1. Since "any polynomial function is continuous everywhere", $f(x) = 3x^2+2x+1$ is continuous everywhere and hence continuous at x = -2

2. Since $f(x)= 9x^2-1$ is a polynomial, it is continuous at x = 1.

3. The function $f(x)= \dfrac{1}{x-2}$ is discontinuous at x = 2 and it is an infinite discontinuity.

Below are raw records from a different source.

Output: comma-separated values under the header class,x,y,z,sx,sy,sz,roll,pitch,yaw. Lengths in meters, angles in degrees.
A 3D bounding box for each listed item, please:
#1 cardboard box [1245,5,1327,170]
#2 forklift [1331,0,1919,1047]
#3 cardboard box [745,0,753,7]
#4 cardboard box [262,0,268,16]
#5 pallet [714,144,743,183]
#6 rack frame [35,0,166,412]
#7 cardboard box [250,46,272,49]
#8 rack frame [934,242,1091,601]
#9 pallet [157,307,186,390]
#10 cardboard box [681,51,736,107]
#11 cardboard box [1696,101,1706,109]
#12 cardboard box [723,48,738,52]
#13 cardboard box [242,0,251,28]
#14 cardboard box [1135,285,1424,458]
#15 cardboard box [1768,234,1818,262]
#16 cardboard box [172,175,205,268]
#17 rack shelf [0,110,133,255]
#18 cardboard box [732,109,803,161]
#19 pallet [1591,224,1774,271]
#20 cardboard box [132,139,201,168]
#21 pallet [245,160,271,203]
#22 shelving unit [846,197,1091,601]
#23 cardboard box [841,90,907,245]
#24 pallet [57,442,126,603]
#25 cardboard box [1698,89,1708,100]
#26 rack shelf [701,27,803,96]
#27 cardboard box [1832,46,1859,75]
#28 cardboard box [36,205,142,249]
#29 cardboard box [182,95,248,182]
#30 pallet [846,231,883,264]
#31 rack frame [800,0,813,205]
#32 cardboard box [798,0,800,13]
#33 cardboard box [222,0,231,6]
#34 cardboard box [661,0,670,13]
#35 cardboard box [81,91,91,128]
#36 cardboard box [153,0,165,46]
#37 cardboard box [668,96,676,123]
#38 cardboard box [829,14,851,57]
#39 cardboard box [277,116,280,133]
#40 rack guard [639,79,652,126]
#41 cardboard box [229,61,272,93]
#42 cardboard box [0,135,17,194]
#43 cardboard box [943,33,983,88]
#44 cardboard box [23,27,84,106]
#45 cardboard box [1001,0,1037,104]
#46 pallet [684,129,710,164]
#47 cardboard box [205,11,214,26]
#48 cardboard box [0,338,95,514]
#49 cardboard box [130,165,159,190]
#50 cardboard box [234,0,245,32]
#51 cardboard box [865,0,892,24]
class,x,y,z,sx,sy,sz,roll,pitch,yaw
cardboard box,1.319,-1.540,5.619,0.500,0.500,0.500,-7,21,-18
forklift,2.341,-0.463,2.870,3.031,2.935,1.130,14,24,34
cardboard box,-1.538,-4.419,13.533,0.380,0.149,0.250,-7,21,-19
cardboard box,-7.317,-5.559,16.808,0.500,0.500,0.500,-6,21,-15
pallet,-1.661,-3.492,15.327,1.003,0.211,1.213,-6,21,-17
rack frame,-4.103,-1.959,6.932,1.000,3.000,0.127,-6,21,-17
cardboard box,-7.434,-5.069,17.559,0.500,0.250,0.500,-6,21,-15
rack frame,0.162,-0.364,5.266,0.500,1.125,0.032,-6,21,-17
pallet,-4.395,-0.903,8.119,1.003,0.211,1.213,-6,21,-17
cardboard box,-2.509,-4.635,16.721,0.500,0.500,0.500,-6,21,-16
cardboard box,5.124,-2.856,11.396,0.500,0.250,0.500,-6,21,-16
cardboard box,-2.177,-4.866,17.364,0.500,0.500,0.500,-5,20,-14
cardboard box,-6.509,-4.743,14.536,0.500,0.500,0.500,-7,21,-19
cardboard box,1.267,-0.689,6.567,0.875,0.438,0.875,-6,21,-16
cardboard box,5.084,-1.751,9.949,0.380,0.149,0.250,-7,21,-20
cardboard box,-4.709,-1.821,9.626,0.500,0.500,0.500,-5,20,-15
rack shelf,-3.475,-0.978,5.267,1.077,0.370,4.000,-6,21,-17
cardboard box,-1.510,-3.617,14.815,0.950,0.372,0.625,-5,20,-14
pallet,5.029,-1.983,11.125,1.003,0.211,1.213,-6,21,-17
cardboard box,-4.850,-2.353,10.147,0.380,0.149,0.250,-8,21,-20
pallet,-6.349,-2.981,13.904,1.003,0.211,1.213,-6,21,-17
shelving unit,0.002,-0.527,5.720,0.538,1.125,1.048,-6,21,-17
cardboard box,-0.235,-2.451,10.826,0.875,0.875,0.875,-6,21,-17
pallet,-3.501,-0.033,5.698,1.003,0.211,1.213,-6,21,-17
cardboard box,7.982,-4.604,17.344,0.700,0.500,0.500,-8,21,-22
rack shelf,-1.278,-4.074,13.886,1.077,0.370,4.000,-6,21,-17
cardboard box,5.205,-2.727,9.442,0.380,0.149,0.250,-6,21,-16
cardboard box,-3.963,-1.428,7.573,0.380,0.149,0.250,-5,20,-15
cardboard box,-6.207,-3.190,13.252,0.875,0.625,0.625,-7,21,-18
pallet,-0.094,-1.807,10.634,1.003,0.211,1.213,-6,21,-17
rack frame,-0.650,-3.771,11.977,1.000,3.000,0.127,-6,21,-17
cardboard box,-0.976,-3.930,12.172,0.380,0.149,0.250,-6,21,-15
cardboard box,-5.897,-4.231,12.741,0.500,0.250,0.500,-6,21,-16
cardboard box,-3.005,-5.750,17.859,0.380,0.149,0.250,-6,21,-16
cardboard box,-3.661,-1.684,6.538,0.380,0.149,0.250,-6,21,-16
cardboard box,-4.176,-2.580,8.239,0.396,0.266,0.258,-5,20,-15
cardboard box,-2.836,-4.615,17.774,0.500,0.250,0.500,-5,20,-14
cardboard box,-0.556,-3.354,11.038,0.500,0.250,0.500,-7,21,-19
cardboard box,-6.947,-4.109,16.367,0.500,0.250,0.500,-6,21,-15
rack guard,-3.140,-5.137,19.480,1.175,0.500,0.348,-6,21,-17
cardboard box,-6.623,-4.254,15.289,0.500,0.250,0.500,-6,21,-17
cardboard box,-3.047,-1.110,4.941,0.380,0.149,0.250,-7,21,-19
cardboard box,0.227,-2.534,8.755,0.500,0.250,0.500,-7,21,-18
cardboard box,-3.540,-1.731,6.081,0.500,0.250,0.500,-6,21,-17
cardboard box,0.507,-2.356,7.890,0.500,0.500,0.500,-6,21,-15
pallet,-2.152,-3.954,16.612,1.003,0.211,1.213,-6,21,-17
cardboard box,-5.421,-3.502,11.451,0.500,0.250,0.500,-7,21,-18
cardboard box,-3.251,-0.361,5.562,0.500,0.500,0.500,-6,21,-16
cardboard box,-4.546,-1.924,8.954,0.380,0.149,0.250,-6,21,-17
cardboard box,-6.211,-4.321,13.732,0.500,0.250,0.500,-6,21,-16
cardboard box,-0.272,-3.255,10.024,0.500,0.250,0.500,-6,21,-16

4. For the function $f(x)= \dfrac{x-1}{x^2 -1}$, since both the numerator and the denominator are continuous, the discontinuities are the points obtained from $x^2-1=0\text{~i.e.,~} x = \pm1$, where $x = 1$ is a removable discontinuity since, $f(x)= \dfrac{x-1}{x^2 -1} = \dfrac{1}{x+1}$becomes continuous at $x = 1$.

5. The function $h(x)= \dfrac{x+1}{x-1}$ is discontinuous at x = 1, since $\displaystyle\lim_{x \rightarrow 1} h(x)\rightarrow\infty$.

6. The function $f(x)= x^2 -2x+1$ is continuous at x=3 as it is a polynomial function.

7. Since both numerator and denominator of the function $f(x)= \dfrac{x}{(x+2)(x-3)}$ are continuous, the points of discontinuity are, $(x+2)(x-3)=0$, i.e., $x = -2,3$. Therefore, $f(x)$ is continuous at $x = 2$.

8. $f(x)= |x| =\begin{cases}-x, &x <0\\ x, &x\geq 0\end{cases}$.

We know that f(x) is continuous at x = 0 if $\displaystyle\lim _{x \rightarrow 0^{-}} f(x) = \lim _{x \rightarrow 0^{+}} f(x) = f(0)$.

Now,

$\begin{aligned} \lim _{x \rightarrow 0^{-}} f(x) &=\lim _{h \rightarrow 0} f(0-h) \\ &=\lim _{h \rightarrow 0} f(-h) \\ &=\lim _{h \rightarrow 0}|-h| \\ &=\lim _{h \rightarrow 0} h \\ &=0 \end{aligned}$

$\begin{aligned} \lim _{x \rightarrow 0^{+}} f(x) &=\lim _{h \rightarrow 0} f(0+h) \\ &=\lim _{h \rightarrow 0} f(h) \\ &=\lim _{h \rightarrow 0}|h| \\ &=\lim _{h \rightarrow 0} h \\ &=0 \end{aligned}$

and $f(0) = 0$. Hence f(x) is continuous at x = 0.

9. Since $x^2 - 4$ is a polynomial which is continuous everywhere, $f(x)= \sqrt[3]{x^2 -4}$ is continuous at x = 5.

10. For the function $f(x)= \dfrac{x+1}{x-1}$ the point of discontinuity is x= 1, and hence f(x) is continuous at x = 0.